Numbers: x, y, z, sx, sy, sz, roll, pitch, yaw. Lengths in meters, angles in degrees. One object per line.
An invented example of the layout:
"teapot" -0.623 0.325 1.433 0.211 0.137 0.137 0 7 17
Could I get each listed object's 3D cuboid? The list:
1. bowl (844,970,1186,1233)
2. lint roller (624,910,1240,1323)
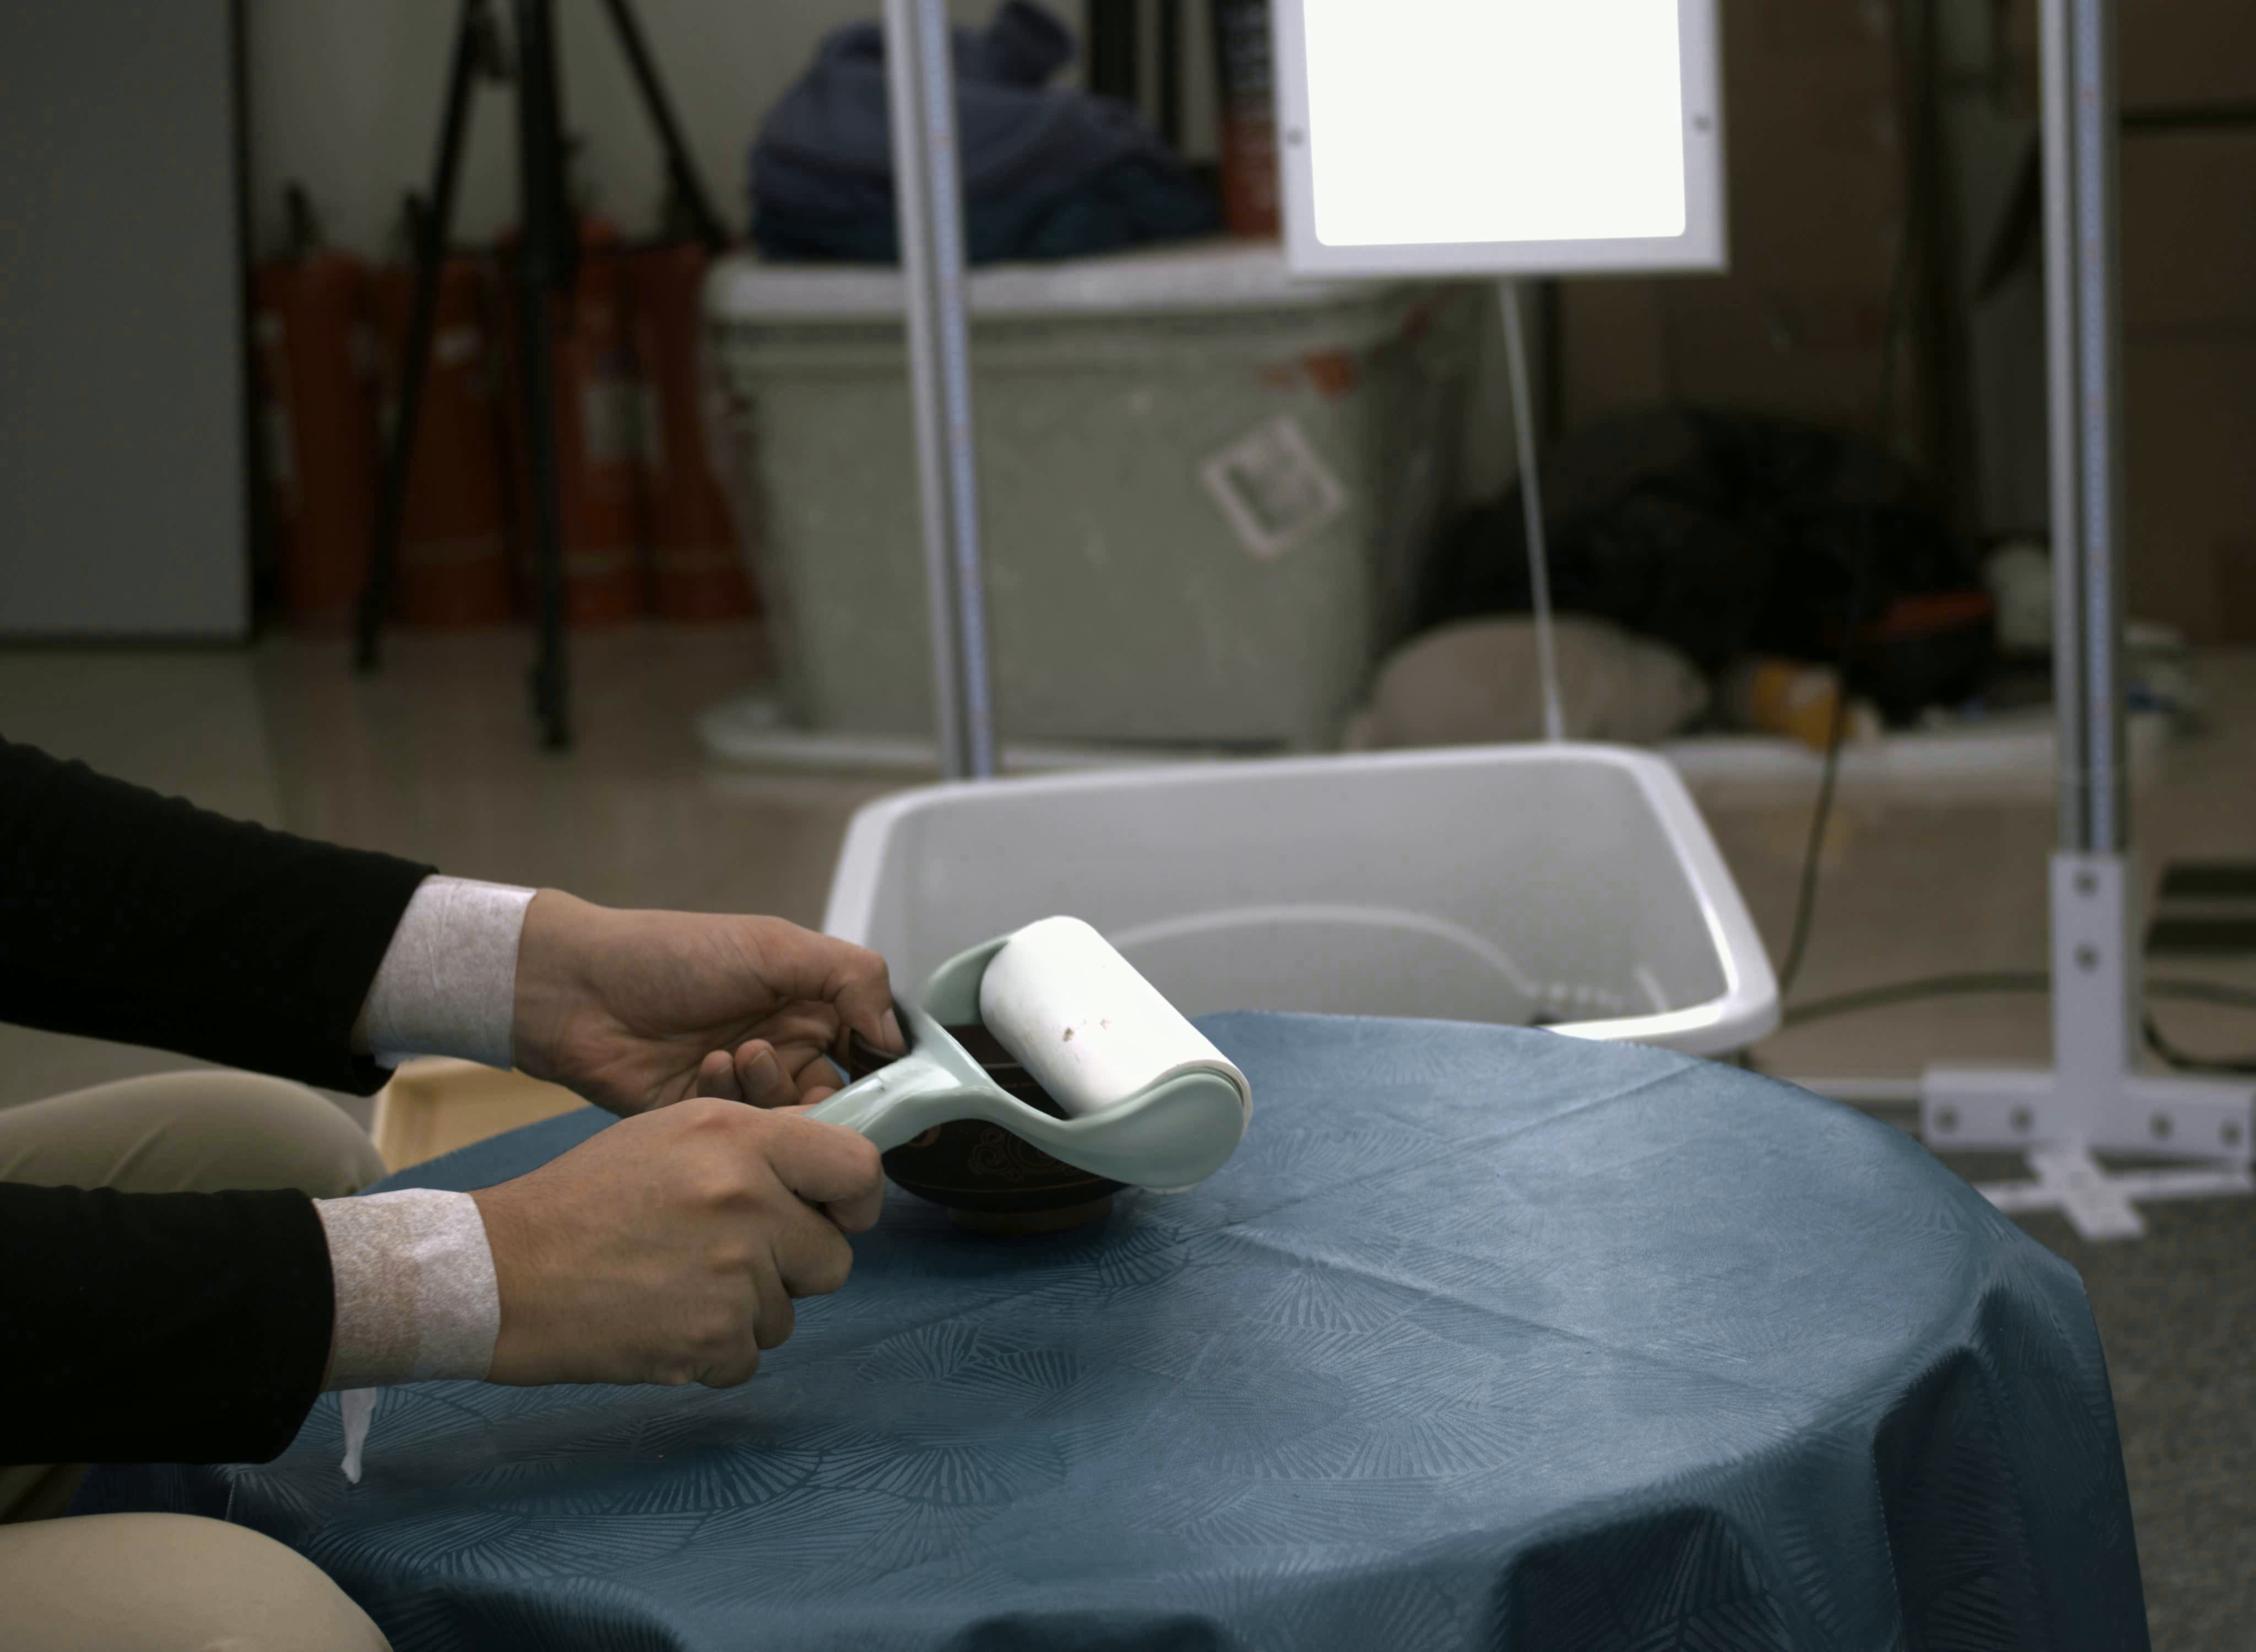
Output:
-*-*-
Task brief
Word for word, retype all of the data above, but include no pictures.

Task output
Numbers: x, y, z, sx, sy, sz, roll, pitch, yaw. Lengths in meters, angles in degrees. One object per line.
An invented example of the layout:
"teapot" -0.623 0.325 1.433 0.211 0.137 0.137 0 7 17
Could I get each listed object's 3D cuboid? The list:
1. bowl (844,970,1186,1233)
2. lint roller (624,910,1240,1323)
Output:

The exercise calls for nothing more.